Eglises d'Asie

Les évêques catholiques demandent au gouvernement de reconduire et de moderniser la réforme agraire

Publié le 18/03/2010




Soixante-seize évêques de la Conférence des évêques catholiques des Philippines (1) se sont réunis au centre catholique Pie XII, à Manille, du 22 au 24 janvier dernier, afin de réfléchir au thème de la pauvreté en milieu rural, et de débattre des suites à donner à la réforme agraire de 1988. A cette occasion, ils ont fait part, à des parlementaires venus les rencontrer, de leur désir de voir reconduite et modernisée cette réforme.

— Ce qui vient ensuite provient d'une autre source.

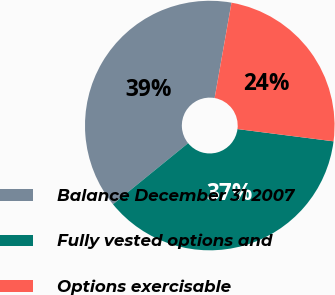<chart> <loc_0><loc_0><loc_500><loc_500><pie_chart><fcel>Balance December 31 2007<fcel>Fully vested options and<fcel>Options exercisable<nl><fcel>38.65%<fcel>37.11%<fcel>24.23%<nl></chart>

C’est en 1988, sous la présidence de Corazon Aquino, qu’une loi sur la réforme agraire avait été votée par le Congrès philippin. Dans ce pays marqué par une pauvreté endémique en milieu rural et où les grands propriétaires terriens constituent une puissante oligarchie, le CARP (Comprehensive Agrarian Reform Program) avait pour objectif, en dix ans, de redistribuer des terres agricoles à 8,5 millions de petits paysans ou de paysans sans terre, un paysan possédant moins de trois hectares de terre agricole étant considéré comme tel. Après avoir été reconduit en 1998 pour une nouvelle période de dix ans, le programme doit s’achever en juin prochain. Selon le dernier recensement en date (2002), l’agriculture et la pisciculture représentent 15 % du PIB philippin et, sur une population de 85 millions d’habitants, les Philippines comptent 5,5 millions d’agriculteurs.

 

« Nous avons exprimé à nos parlementaires notre désir de voir poursuivie et approfondie la réforme agraire », a expliqué le président de la Commission pour l’action sociale, la justice et la paix de la Conférence épiscopale, Mgr Broderick Pabillo, évêque auxiliaire de Manille. Juste avant de se réunir pour leur assemblée plénière, du 25 au 28 janvier 2008, l’épiscopat philippin a ainsi signifié au pouvoir législatif que, pour l’Eglise des Philippines, le partage des terres était essentiel si l’on voulait voir le pays sortir des difficultés dans lesquelles il se débat. Des évêques ont demandé que la réforme aille au-delà de la seule redistribution des terres et facilite l’accès des paysans aux semences, au crédit ainsi qu’à la formation. Ils ont aussi dénoncé l’accaparement de certaines des meilleures terres par les industriels de l’agro-alimentaire.

 

A l’issue de la réunion, Mgr Pabillo a confié que l’ensemble des prélats avaient été « satisfaits » de sentir un vrai soutien de la part des législateurs, et de voir que ces derniers souhaitaient, eux aussi, la prorogation de la réforme agraire. Des dispositions confirmées par le speaker de la Chambre des représentants, Jose De Venecia Jr., qui a solennellement déclaré devant les évêques : « Nous, membres de la Chambre des représentants et du Sénat, sommes arrivés à un consensus, celui de faire tout notre possible » pour que la réforme soit prorogée au-delà de juin 2008. Sept projets de loi en ce sens ont été déposés devant le Congrès et l’un des parlementaires, Erin Tanada, élu de la province de Quezon, a affirmé que la réforme agraire était devenue « le souci de tous les partis politiques afin que régresse la pauvreté en milieu rural ».

 

Cette réforme ne fait pourtant pas l’unanimité. Elu de la province de Negros Occidental, sur l’île de Negros, Ignacio Arroyo, beau-frère de la présidente Gloria Macapagal-Arroyo, siège à la Chambre des représentants et figure parmi ses opposants notoires. Dans sa province, les tensions entre les propriétaires terriens et les petits paysans sont vives et ne sont pas exemptes de violence (2).

 

Pour Mgr Martin Jumoad, évêque de la prélature d’Isabella, dans le sud philippin, la réforme doit certes être prorogée, mais elle doit aussi être approfondie. Ces vingt dernières années, la volonté politique a fait défaut dans l’application de la réforme. Aujourd’hui, la redistribution des terres ne suffit pas, a-t-il expliqué. Trop souvent, les paysans reçoivent des terres mal desservies par le réseau routier, peu productives car difficiles à irriguer ou bien encore les moyens manquent pour leur mise en culture. Ces petits paysans se trouvent alors contraints de vendre les terres qu’ils ont reçues. L’agriculture figure parmi les priorités que s’est donnée la Conférence épiscopale pour 2008. Selon Mgr Antonio Ledesma, archevêque de Cagayan de Oro et président du Comité pour le monde rural de la Conférence des évêques, la sincérité du gouvernement à réformer le pays sera jugée à l’aune de son engagement en faveur des paysans pauvres.